8 Times The Grinch Described Finals Week

8 Times The Grinch Described Finals Week

When in doubt during finals, look to The Grinch for guidance.

During finals week, you're often met with a wide array of emotions. You usually go through the mental breakdown stage, the delirious lack of sleep stage, and the lack of motivation stage. The list goes on and on. It's often difficult to convey all of these emotions with one person. However, I think I've found the perfect person... The Grinch.

1. When your professor tells you the final is cumulative.

If you don't truly loathe your professor when they tell you this, you might need to reconsider your college career. Of course, I understand why they do this, but also why...?

2. When you need to take a break and have some you time.

Everyone needs to have a little break away from studying. With finals being so stressful, you need to make time for yourself.

3. When your friend brings you food to the library.

When your friend walks in carrying a Chick-fil-a bag, you wonder, "am I seeing an angel?" The answer is yes, yes you are.

4. When you want to have a meltdown, but remember you're in public.

Finals is a fine line between having a meltdown in public and having one in private. Whenever you remember you're in public, take a deep breath and power through it.

5. When your friend tells you they got an A but they didn't even study.

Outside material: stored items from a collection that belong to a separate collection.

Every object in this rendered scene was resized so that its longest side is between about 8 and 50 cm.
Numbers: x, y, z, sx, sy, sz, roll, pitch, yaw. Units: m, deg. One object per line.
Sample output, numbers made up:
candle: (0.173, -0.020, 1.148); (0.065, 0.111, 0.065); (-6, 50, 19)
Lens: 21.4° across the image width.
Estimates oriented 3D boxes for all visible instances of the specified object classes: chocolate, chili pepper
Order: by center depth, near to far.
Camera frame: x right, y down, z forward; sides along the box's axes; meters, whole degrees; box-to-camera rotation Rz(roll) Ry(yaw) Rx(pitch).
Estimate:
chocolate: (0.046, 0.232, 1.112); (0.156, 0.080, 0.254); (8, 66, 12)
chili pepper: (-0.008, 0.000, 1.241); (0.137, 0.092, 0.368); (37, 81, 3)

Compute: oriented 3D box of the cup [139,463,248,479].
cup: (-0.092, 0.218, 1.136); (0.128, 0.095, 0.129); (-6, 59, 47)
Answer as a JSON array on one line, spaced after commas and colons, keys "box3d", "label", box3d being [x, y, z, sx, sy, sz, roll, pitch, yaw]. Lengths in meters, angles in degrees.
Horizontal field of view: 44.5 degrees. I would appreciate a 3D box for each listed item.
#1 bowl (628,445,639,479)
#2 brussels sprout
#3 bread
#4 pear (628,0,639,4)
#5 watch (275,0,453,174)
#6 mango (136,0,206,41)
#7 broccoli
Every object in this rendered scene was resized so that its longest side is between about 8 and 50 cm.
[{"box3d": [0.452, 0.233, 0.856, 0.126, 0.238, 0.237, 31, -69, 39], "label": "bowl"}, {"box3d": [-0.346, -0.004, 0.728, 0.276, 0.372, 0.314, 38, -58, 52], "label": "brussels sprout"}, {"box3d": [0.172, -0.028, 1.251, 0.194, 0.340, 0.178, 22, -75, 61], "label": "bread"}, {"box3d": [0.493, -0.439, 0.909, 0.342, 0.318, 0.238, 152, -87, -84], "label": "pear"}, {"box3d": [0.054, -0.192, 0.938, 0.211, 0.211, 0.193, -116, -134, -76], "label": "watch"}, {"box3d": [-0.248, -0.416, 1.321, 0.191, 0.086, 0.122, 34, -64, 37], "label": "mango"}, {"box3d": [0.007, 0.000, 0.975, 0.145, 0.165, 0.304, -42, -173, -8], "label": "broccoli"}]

There are those people who are natural geniuses. And then there are those who are not... For those who are blessed enough to get A's with ease, you're the chosen ones, the ones we all wish we could be.

6. When you haven't seen sunlight or showered in 3 days.

In order to properly study, you have to compromise human interaction. After a few days, you realize you desperately need to actually to speak with people for your sanity, which is a hard thing to come by this week.

7. As you walk into the classroom on exam day.

Everything has led up to this. You try to tell yourself you can do it, but in reality, you're actually terrified. Remember to take deep breaths, inhale and exhale, and don't let the fear take over.

8. When you get your test score back and did a lot better than you thought you did.

From the second you submit your test until you get your grade, you're in a constant state of anxiety. You think about everything you did wrong or could have potentially done wrong. You beat yourself up about not studying enough, even though you know you did. And then the moment of truth, you get your test score back and you actually did well!

Happy Finals Week! May the odds be ever in your favor. And remember, when in doubt look to The Grinch for guidance. He truly understands the struggle that is finals.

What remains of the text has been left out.